▶ **Task statement**
Return the lines below that carry the word "body".

▶ **Record set**
******************************

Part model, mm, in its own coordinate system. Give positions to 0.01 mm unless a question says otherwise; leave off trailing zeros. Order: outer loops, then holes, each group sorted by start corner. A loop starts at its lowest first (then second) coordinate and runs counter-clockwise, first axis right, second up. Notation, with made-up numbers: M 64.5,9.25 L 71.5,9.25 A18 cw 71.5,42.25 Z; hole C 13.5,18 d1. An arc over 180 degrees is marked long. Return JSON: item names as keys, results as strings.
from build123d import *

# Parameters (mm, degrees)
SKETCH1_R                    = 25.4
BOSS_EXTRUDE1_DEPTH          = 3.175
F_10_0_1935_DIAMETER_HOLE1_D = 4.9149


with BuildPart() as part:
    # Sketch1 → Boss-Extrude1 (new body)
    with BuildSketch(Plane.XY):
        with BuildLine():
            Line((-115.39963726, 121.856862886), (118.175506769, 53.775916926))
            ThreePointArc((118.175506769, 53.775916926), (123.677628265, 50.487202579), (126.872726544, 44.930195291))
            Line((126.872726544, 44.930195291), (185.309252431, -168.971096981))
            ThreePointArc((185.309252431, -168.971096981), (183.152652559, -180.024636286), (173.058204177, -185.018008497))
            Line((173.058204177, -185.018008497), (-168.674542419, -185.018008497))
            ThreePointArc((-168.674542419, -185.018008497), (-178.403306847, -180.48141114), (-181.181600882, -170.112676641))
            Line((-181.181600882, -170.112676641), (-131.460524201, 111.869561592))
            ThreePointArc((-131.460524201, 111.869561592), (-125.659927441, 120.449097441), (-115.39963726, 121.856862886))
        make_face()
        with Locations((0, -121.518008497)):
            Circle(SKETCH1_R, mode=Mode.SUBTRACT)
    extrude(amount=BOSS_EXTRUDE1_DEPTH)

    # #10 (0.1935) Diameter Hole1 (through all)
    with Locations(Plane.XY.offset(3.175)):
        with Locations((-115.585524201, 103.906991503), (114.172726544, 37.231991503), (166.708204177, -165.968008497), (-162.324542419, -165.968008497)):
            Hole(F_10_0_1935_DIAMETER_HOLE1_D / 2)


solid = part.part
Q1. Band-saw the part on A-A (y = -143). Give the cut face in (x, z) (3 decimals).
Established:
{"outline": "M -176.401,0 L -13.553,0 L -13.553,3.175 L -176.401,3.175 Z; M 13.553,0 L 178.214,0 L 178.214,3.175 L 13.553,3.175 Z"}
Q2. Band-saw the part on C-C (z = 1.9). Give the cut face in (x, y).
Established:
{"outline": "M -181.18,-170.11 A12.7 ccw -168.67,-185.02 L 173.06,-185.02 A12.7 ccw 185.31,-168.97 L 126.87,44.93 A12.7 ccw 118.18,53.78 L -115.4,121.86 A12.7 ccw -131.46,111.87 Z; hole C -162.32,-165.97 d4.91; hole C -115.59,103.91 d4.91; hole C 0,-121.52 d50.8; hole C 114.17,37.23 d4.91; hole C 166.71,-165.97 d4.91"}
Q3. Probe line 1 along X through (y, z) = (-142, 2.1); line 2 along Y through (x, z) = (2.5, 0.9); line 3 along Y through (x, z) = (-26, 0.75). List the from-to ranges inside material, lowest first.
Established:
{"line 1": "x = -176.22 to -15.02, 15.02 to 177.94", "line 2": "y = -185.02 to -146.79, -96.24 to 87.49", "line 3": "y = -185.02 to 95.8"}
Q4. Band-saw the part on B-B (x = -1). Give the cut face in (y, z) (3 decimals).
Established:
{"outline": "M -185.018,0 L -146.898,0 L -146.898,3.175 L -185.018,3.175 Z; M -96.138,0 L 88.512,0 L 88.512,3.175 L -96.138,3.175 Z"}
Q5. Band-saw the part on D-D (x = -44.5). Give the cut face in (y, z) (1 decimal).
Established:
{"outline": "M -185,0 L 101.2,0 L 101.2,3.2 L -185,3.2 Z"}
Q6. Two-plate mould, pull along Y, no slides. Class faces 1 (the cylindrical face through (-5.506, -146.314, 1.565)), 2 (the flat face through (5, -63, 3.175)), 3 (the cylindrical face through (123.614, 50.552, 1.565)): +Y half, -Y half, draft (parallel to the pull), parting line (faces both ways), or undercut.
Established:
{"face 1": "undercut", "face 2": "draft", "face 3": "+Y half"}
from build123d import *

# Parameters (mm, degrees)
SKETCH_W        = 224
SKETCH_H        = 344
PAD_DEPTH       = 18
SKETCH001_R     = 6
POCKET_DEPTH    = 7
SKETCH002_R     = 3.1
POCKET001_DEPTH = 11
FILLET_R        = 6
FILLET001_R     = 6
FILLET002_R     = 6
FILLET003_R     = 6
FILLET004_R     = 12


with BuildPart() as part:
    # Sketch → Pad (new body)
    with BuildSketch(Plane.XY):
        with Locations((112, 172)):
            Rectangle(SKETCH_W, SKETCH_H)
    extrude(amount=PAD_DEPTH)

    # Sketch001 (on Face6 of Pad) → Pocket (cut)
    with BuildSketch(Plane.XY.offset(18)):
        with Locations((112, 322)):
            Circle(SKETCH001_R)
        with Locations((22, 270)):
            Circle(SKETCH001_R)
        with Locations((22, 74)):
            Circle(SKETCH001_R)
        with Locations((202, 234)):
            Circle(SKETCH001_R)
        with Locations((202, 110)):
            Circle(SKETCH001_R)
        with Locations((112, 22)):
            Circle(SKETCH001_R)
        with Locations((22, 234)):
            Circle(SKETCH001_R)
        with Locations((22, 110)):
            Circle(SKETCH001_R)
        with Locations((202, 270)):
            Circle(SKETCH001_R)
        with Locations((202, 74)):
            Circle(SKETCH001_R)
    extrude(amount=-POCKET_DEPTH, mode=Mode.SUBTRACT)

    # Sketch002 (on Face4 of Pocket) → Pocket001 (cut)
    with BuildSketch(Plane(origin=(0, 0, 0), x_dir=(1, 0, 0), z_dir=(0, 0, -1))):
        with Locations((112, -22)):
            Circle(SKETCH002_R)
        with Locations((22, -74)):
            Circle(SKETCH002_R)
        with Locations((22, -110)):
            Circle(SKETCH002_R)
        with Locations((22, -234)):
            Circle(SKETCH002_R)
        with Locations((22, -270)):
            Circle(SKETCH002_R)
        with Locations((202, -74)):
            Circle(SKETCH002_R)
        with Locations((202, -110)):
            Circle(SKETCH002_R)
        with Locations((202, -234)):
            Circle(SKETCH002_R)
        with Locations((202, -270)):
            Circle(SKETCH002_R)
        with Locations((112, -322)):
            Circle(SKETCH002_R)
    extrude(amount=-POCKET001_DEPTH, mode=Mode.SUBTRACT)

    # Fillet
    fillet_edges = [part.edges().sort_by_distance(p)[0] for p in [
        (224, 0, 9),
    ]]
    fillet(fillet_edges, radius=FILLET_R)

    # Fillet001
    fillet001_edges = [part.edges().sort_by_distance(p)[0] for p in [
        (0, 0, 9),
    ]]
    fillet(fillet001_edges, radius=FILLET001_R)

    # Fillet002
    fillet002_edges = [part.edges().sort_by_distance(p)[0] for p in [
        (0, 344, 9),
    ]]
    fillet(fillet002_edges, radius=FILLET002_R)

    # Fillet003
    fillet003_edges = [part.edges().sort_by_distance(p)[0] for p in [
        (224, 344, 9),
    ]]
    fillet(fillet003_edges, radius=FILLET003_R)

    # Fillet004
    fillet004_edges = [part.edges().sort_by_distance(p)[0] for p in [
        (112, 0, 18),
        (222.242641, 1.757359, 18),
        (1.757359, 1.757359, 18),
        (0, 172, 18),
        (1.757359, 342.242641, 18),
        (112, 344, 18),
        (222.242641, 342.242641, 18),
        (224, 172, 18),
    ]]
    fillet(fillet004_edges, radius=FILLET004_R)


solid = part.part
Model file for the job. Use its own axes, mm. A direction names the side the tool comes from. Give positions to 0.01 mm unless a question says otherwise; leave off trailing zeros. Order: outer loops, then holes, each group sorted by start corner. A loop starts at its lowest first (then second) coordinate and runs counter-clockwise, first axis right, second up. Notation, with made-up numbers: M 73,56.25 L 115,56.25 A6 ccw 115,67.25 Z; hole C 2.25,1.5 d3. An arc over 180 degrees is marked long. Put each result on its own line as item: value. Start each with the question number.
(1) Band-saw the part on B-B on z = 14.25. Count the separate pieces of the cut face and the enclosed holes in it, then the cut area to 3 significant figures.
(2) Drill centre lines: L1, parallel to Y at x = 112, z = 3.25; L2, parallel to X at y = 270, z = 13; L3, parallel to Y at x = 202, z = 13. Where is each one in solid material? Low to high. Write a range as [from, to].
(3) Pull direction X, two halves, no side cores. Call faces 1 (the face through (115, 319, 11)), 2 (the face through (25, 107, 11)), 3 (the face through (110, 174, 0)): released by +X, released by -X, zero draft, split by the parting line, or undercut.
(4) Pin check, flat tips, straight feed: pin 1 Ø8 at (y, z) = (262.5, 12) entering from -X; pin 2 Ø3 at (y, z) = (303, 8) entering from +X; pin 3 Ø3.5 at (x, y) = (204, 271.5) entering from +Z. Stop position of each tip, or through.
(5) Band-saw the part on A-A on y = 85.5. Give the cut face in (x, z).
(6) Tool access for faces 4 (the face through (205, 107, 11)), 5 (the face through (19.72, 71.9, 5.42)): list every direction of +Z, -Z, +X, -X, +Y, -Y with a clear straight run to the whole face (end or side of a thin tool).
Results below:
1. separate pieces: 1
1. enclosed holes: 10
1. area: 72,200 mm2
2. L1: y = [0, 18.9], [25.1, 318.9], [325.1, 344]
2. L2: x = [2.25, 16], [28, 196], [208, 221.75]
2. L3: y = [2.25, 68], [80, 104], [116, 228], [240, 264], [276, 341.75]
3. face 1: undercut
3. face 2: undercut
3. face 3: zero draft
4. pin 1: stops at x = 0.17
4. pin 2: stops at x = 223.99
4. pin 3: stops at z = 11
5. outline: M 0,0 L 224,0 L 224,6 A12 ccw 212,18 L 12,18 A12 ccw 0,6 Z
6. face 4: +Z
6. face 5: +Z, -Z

******************************

▶ **Task response**
    # Sketch1 → Boss-Extrude1 (new body)
    # Sketch → Pad (new body)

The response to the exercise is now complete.